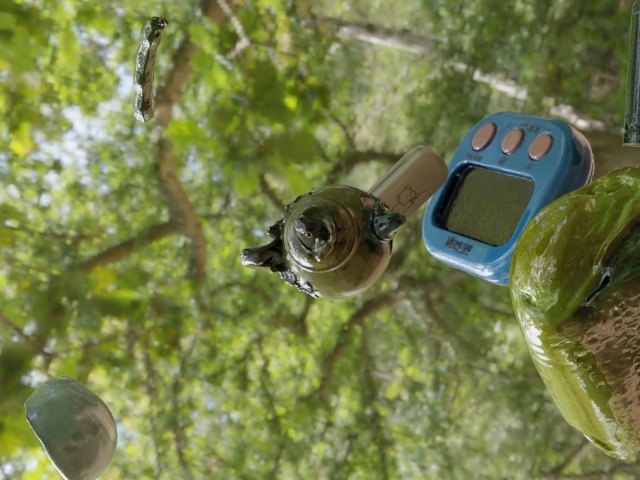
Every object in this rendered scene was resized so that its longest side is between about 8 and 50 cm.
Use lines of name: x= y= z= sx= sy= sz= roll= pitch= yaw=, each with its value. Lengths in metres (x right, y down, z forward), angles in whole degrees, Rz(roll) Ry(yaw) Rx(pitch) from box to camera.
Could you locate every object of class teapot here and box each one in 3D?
teapot: x=0.000 y=0.000 z=1.676 sx=0.182 sy=0.269 sz=0.173 roll=29 pitch=-128 yaw=-70

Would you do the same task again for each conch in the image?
conch: x=-0.419 y=0.314 z=1.907 sx=0.121 sy=0.185 sz=0.221 roll=-54 pitch=35 yaw=10

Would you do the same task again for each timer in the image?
timer: x=0.338 y=-0.078 z=2.073 sx=0.309 sy=0.115 sz=0.340 roll=-62 pitch=28 yaw=-3

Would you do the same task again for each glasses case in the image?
glasses case: x=0.138 y=-0.081 z=2.002 sx=0.196 sy=0.083 sz=0.050 roll=-45 pitch=31 yaw=-1

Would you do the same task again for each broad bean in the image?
broad bean: x=-0.301 y=-0.300 z=1.987 sx=0.052 sy=0.052 sz=0.256 roll=-53 pitch=-11 yaw=-40

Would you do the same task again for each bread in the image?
bread: x=0.356 y=0.078 z=1.328 sx=0.376 sy=0.251 sz=0.208 roll=53 pitch=-169 yaw=-50

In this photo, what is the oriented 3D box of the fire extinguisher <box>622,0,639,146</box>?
fire extinguisher: x=0.552 y=-0.309 z=1.883 sx=0.095 sy=0.114 sz=0.311 roll=-3 pitch=-82 yaw=-83
****************************************
-- Problem statement --
Your copy should match every record exactly and contain no pictures.

-- The answer --
Every object in this rendered scene was resized so that its longest side is between about 8 and 50 cm.
Use lines of name: x= y= z= sx= sy= sz= roll= pitch= yaw=, each with its value. Lengths in metres (x right, y down, z forward), angles in whole degrees, Rz(roll) Ry(yaw) Rx(pitch) from box to camera.
Could you locate every object of class teapot here and box each one in 3D?
teapot: x=0.000 y=0.000 z=1.676 sx=0.182 sy=0.269 sz=0.173 roll=29 pitch=-128 yaw=-70

Would you do the same task again for each conch in the image?
conch: x=-0.419 y=0.314 z=1.907 sx=0.121 sy=0.185 sz=0.221 roll=-54 pitch=35 yaw=10

Would you do the same task again for each timer in the image?
timer: x=0.338 y=-0.078 z=2.073 sx=0.309 sy=0.115 sz=0.340 roll=-62 pitch=28 yaw=-3

Would you do the same task again for each glasses case in the image?
glasses case: x=0.138 y=-0.081 z=2.002 sx=0.196 sy=0.083 sz=0.050 roll=-45 pitch=31 yaw=-1

Would you do the same task again for each broad bean in the image?
broad bean: x=-0.301 y=-0.300 z=1.987 sx=0.052 sy=0.052 sz=0.256 roll=-53 pitch=-11 yaw=-40

Would you do the same task again for each bread in the image?
bread: x=0.356 y=0.078 z=1.328 sx=0.376 sy=0.251 sz=0.208 roll=53 pitch=-169 yaw=-50

In this photo, what is the oriented 3D box of the fire extinguisher <box>622,0,639,146</box>?
fire extinguisher: x=0.552 y=-0.309 z=1.883 sx=0.095 sy=0.114 sz=0.311 roll=-3 pitch=-82 yaw=-83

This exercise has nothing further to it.